I'm not your area, but around here, there are cleaning jobs, but they go to the cleaners who are known around here. As for your son, well he maybe able to ask at local hairdressers if they have any work???? But he's gonna be up against squillions of Spanish and expat school leavers already here and desperately looking - theres a real problem with employment for youngsters - hence all the demonstrations in Madrid recently and of course, here there is no social security payments at at all

Jo xxx


----------



## kim duffy (Jan 31, 2011)

kim duffy said:


> hi im moving to spain 14th june with my family moving to polop in the alicante area we have a 3 bedroom apartment to get us there but want a 3 bedroom or 4 bedroom villa house furnished , also does anyone know of any claening jobs there for the english when there not using there homes kim xx also looking for a cheap car and a job for our 17 year old son he will do anything bless him kim xx


thank you for that , if he cant find one there he will come back and stay with family and visit back and forth to be honest no jobs here either he has phoned so many jobs here and even a waiting list for collegues here now kim x


----------



## jojo (Sep 20, 2007)

.... As for cars, this may help. Remember in spain when you buy a car, you also buy any debt that the previous owner has, so its wise to use a gestor to check it and to do the paperwork 

http://www.expatforum.com/expats/spain-expat-forum-expats-living-spain/79564-used-car-dealers.html

Jo xxx


----------



## kim duffy (Jan 31, 2011)

jojo said:


> .... As for cars, this may help.
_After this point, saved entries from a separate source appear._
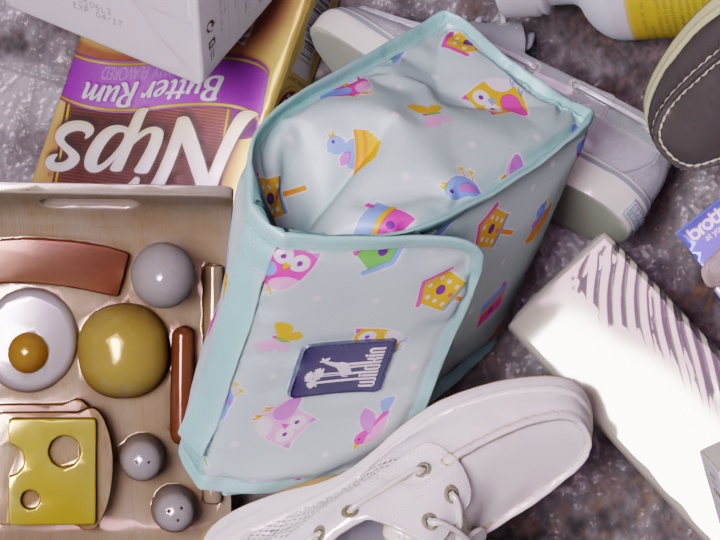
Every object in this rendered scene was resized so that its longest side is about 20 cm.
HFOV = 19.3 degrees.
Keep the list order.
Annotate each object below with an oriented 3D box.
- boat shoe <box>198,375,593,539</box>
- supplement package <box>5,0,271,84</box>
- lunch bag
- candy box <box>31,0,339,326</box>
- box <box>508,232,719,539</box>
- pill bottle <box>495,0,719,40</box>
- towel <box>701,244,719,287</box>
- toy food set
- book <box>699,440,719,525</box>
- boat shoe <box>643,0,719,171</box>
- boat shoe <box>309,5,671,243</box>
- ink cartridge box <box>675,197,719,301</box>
[{"bbox_3d":[0.023,0.118,0.954,0.199,0.071,0.069,-28,35,0],"label":"boat shoe"},{"bbox_3d":[-0.079,-0.214,1.044,0.121,0.120,0.200,22,53,18],"label":"supplement package"},{"bbox_3d":[0.000,0.000,0.973,0.122,0.200,0.171,35,134,16],"label":"lunch bag"},{"bbox_3d":[-0.096,-0.081,1.113,0.116,0.056,0.201,18,90,16],"label":"candy box"},{"bbox_3d":[0.164,0.079,1.009,0.068,0.082,0.200,-44,76,5],"label":"box"},{"bbox_3d":[0.164,-0.170,1.022,0.198,0.112,0.113,-3,82,15],"label":"pill bottle"},{"bbox_3d":[0.241,-0.059,0.908,0.200,0.191,0.032,-44,90,-4],"label":"towel"},{"bbox_3d":[-0.133,0.058,1.037,0.142,0.060,0.202,0,91,-6],"label":"toy food set"},{"bbox_3d":[0.237,0.149,0.929,0.133,0.048,0.201,-19,110,-4],"label":"book"},{"bbox_3d":[0.206,-0.101,0.952,0.072,0.066,0.200,40,127,-21],"label":"boat shoe"},{"bbox_3d":[0.069,-0.089,1.069,0.200,0.070,0.072,32,72,18],"label":"boat shoe"},{"bbox_3d":[0.256,0.027,1.009,0.119,0.042,0.200,-38,78,6],"label":"ink cartridge box"}]

Remember in spain when you buy a car, you also buy any debt that the previous owner has, so its wise to use a gestor to check it and to do the paperwork
> 
> http://www.expatforum.com/expats/spain-expat-forum-expats-living-spain/79564-used-car-dealers.html
> 
> Jo xxx


ok thats brill thank you , we have friends there in spain so they have been giving us good advice too x


----------



## jojo (Sep 20, 2007)

Just make sure that before you come here make sure that you have a good enough income to survive without needing to work here. Jobs are rare and people are desperate. Spain, sunny or not aint no fun without money and its no longer cheap to live here. A good rule of thumb is if you have enough money coming in to survive (excluding any benefits) in the UK then you should be ok here!

Jo xxx


----------



## xabiaxica (Jun 23, 2009)

jojo said:


> Just make sure that before you come here make sure that you have a good enough income to survive without needing to work here. Jobs are rare and people are desperate. Spain, sunny or not aint no fun without money and its no longer cheap to live here. A good rule of thumb is if you have enough money coming in to survive (excluding any benefits) in the UK then you should be ok here!
> 
> Jo xxx


that's the important bit......................


----------